It is impossible for physicians to fully control our own destiny in today’s healthcare environment. All of us live within the broader ecosystem of organized healthcare. Scale is the name of the game for hospitals, payers and private practices alike—even if at various levels.
For context, in 2022, the three largest for-profit health systems in the U.S. reported combined revenues of more than $90 billion. United Healthcare, the largest health insurer, reported revenues north of $320 billion (which is greater than the gross domestic product of Finland). This creates challenges for the traditionally fragmented physician practice community. To achieve the clinical and operational benefits of scale, capital is required, and the use of outside capital in physician practices has prompted important questions about the risks, benefits and long-term impact.
Cutting to the chase, scale benefits radiology services, helping practices offer patients innovative healthcare solutions. These enhancements have been shown to improve physician satisfaction and practice performance, such as through IT deployment, AI deployment, process efficiencies, strategic relationships, and by allowing diversification across markets, health systems and payers. Most importantly, capital allows for scaled investments that benefit patients, including clinical programs and artificial intelligence.
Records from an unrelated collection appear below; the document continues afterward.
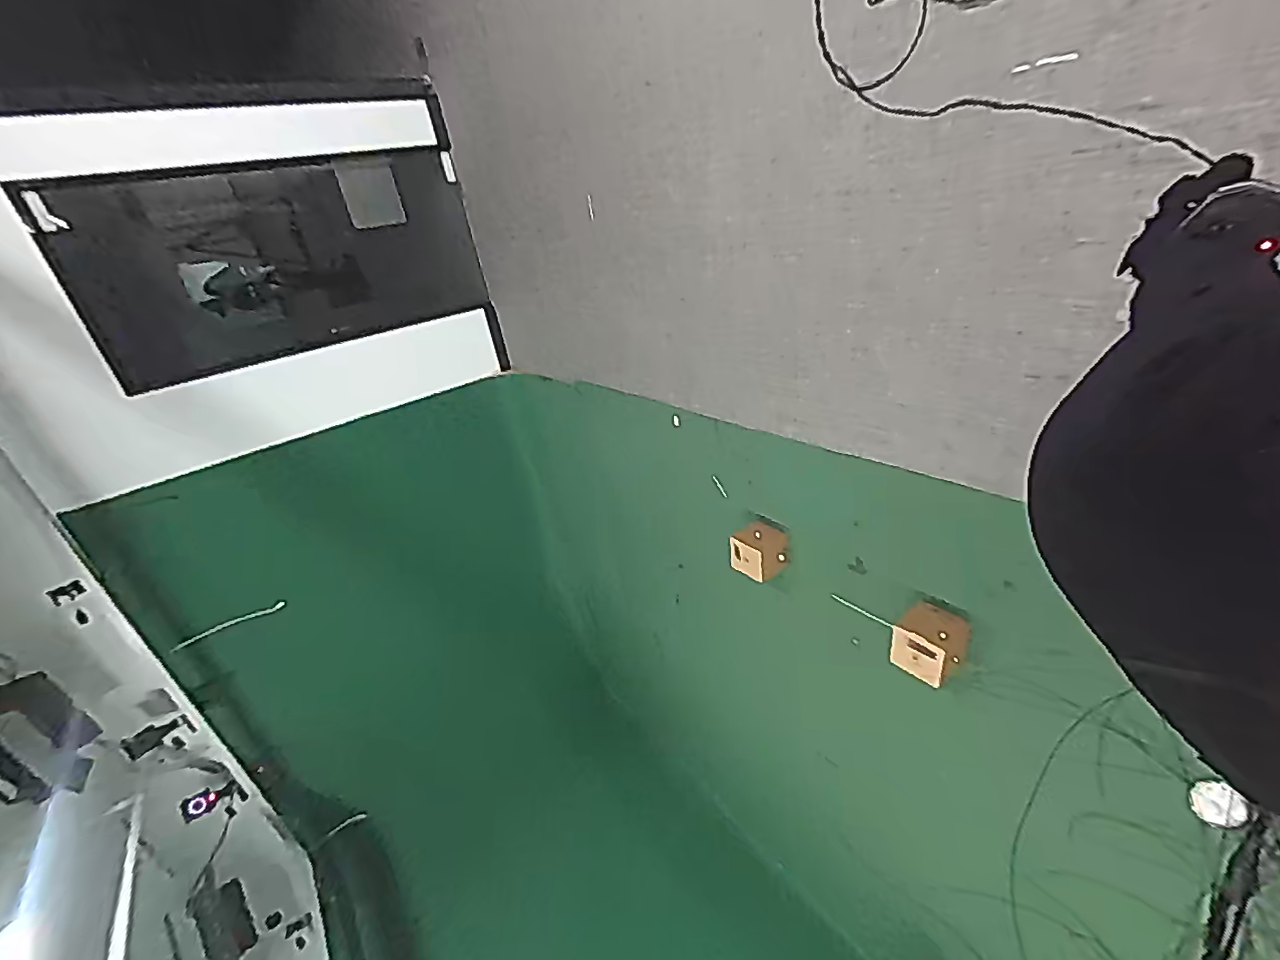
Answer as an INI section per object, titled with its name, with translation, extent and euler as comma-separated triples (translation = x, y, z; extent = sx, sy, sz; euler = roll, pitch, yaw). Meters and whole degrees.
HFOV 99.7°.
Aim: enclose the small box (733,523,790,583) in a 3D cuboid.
[small box]
translation = 0.521, 0.307, 2.320
extent = 0.179, 0.176, 0.168
euler = 26, 134, 47

Physician groups historically took on all the risk by pooling their own money—or taking out loans—to reinvest into their private practice. Practices now have greater access to capital channels, including private equity (PE). Critics may call this corporatization, but I view it as an opportunity for scaled investments in an increasingly complex environment. Are there risks? Of course. But there are also significant risks in standing still and letting the world change around you.
Do all PE firms seek a return on their investment? Of course. But PE firms are not homogenous, and behaviors differ from firm to firm. Some PE-backed practices are probably overly focused on economics. But let’s also agree that many academic and traditional private practices are also heavily focused on finances; it is why most private practices have radiologists work on initiatives like clinical program development in their free time or with limited dedicated hours demonstrating the prioritization of income distribution versus reinvestment of capital into the practice. Regardless of financial structure, practices should begin with the understanding that a “profits over patients” mentality is never acceptable, and that physicians need to be in leadership positions.
Scale is a strategy; private equity is just a tool. PE is a way to help achieve scale. PE investors are incredibly diverse. People often talk about 3–5-year investment horizons, investments but there is plenty of heterogeneity. For example, fund investments in my practice are more than a decade old by design. My practice specifically looked for investors with a long-term strategy who were aligned with the potential for radiology to improve, which meant reinvesting capital year after year into our practice. So, when it comes to investors for radiology practices, every situation and outlook is different and should be viewed as such. If you’re interested in an investor-backed model, pick the right investor partner, and make sure they’re aligned with your values, goals and mission.
Looking to the future, scale alone won’t protect radiology and radiologists from the many challenges we face, but groups that use scale to better serve the stakeholders that matter most, including radiologists, hospitals, referring physicians and—most importantly—patients, will be best positioned to not just survive, but thrive.